Рут кивнула. Она побоялась сказать это вслух, потому что и в самом деле верила в колдовство и всякие дурные и хорошие приметы. В такие ранние утренние часы трудно было не оказаться во власти присущих простому человеку сомнений и опасений. Она включила лампочку у изголовья кровати, и Сэм инстинктивно прикрыл глаза рукой. Это был высокий мужчина двадцати шести лет. От длительного ношения форменной рубашки с плотно прилегающим воротником на шее Сэма образовалась резко очерченная линия загара, и его мускулистое тело казалось из-за этого бледным. Он поправил свои растрепавшиеся черные волосы и почесал около носа, на котором виднелся маленький шрам, пропадавший в морщинках улыбки. Рут нравилось, когда он улыбался, но в последнее время улыбка на его лице появлялась все реже и реже.
Сэм застегнул желтую шелковую пижаму, которую Рут купила в магазине на Бонд-стрит, заплатив за нее довольно большую сумму. Она подарила ему ее в день их свадьбы, три месяца назад; он тогда очаровательно улыбнулся ей. Сегодня он впервые надел эту пижаму.
Как единственной супружеской паре среди гостей в доме Коэнов, им отвели спальню в стиле эпохи Карла 1. Гобелен и панельная обшивка в ней были столь роскошными, что Сэм непроизвольно говорил шепотом.
– Какой скучный уик-энд для тебя, дорогая: только и разговоров, что о бомбах, бомбардировке, бомбардировщиках…
– А мне нравятся эти разговоры. Я ведь тоже в королевских военно-воздушных силах, не забывай. Члены твоего экипажа, во всяком случае, очень милые ребята.
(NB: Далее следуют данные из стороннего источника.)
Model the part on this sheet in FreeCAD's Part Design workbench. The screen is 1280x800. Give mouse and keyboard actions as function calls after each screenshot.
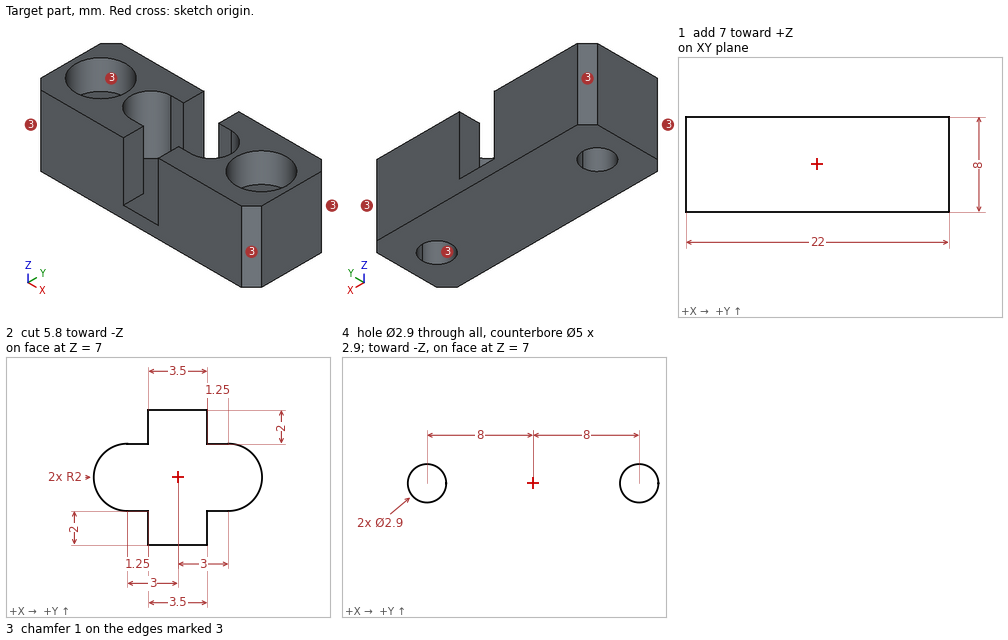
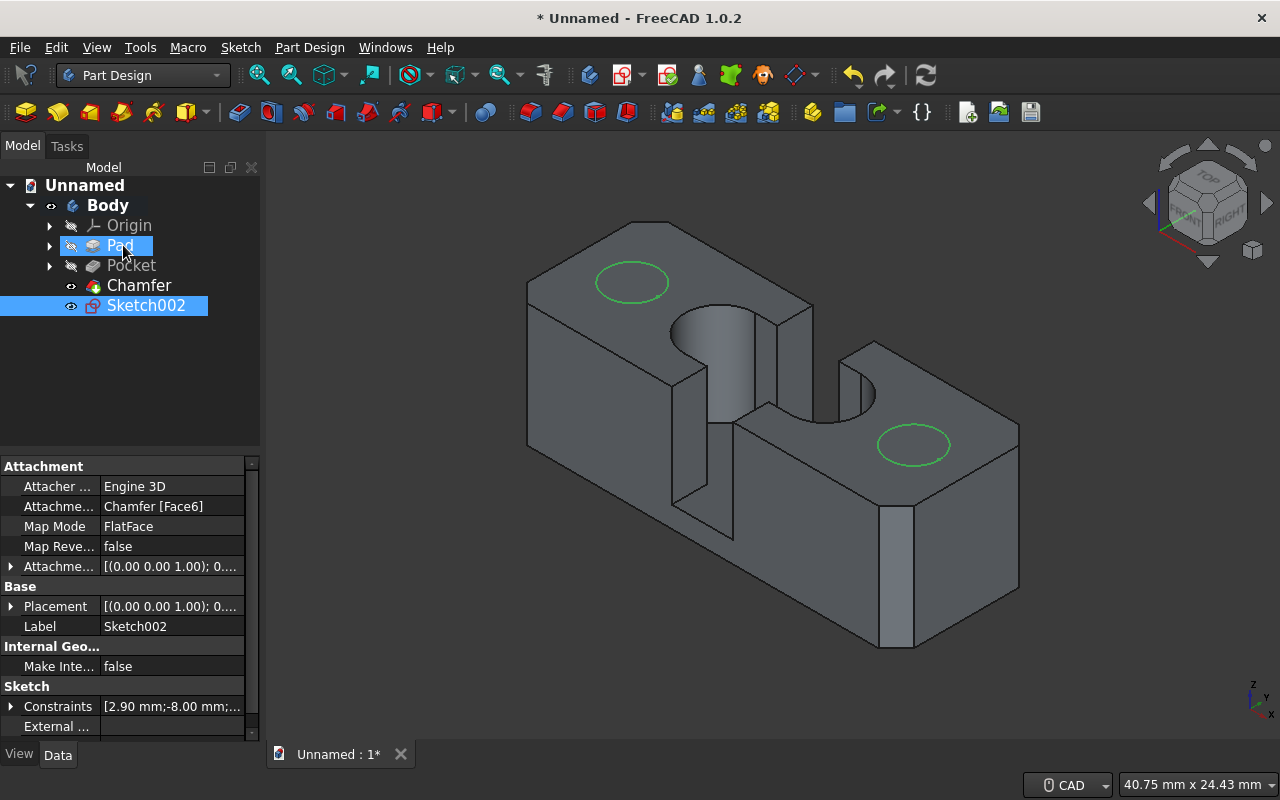
click(272, 112)

Она сказала об этом с заметной осторожностью, ибо в одном из последних налетов на объекты в Германии экипаж бомбардировщика, которым командовал ее муж, потерял штурмана. С того дня имя штурмана по обоюдному молчаливому согласию не упоминалось ими ни в одном разговоре.
Где-то в небе, выше облаков, пролетел самолет. «Обычный тренировочный полет», – подумал Ламберт.
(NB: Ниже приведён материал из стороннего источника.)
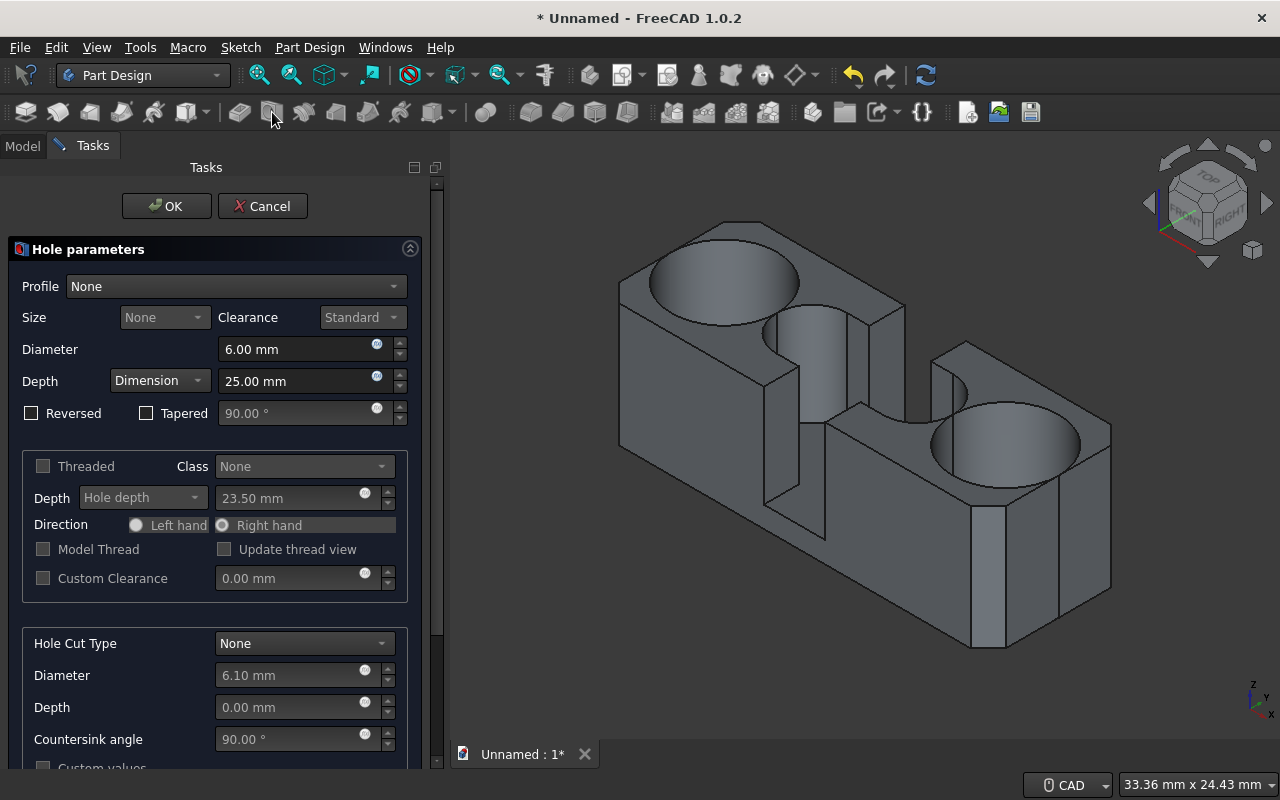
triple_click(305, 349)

– А что, Кошер Коэн – это тот, который очень плохо себя чувствовал тогда, в первый раз?
– Нельзя сказать, чтобы очень плохо, он просто… – Сэм махнул рукой. – Я, пожалуй, полежу еще немного, – сказал он, не закончив мысли. – Который час?
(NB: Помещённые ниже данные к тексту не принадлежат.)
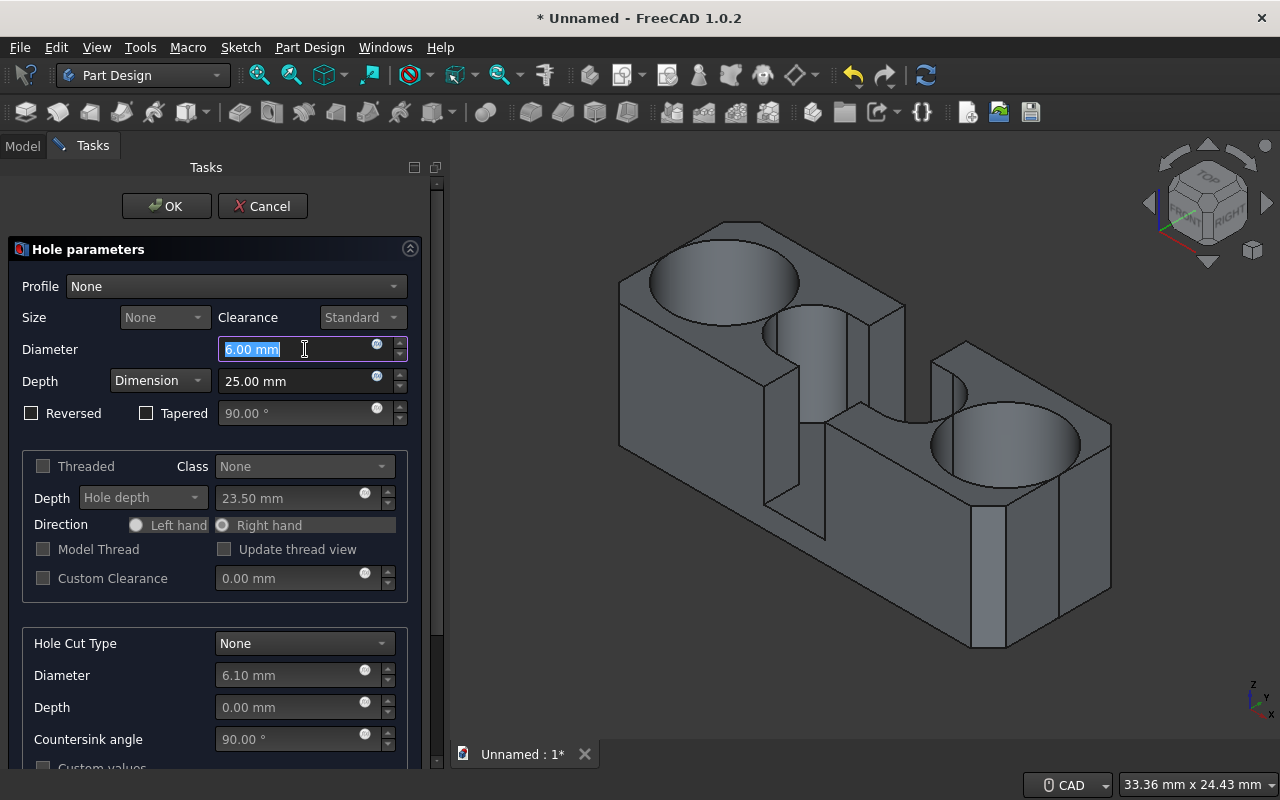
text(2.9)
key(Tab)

– Пять тридцать утра. Сегодня понедельник.
– В следующий уик-энд мы поедем в Лондон, посмотрим «Унесенные ветром» или какой-нибудь другой фильм.
– Обещаешь?
– Обещаю, – ответил он. Шторм, кажется, прошел. Завтра будет летная погода.
Рут вздрогнула.
Сэм опять посмотрел в окно. Стекла в нем были мутные, с пузырьками, поэтому росшие поблизости деревья казались какими-то нелепыми, уродливыми. На востоке, в том направлении, где находились Нидерланды и Германия, небо над морем уже настолько осветилось восходящим солнцем, что на его фоне хорошо вырисовывались силуэты деревьев и линия горизонта. Облачность восемь баллов, слабый лунный свет. В таких условиях можно выслать целую авиагруппу и никакой наблюдатель на земле не обнаружит ее. Впрочем, у них ведь есть эти проклятые радиолокаторы, от которых не спасет никакая облачность.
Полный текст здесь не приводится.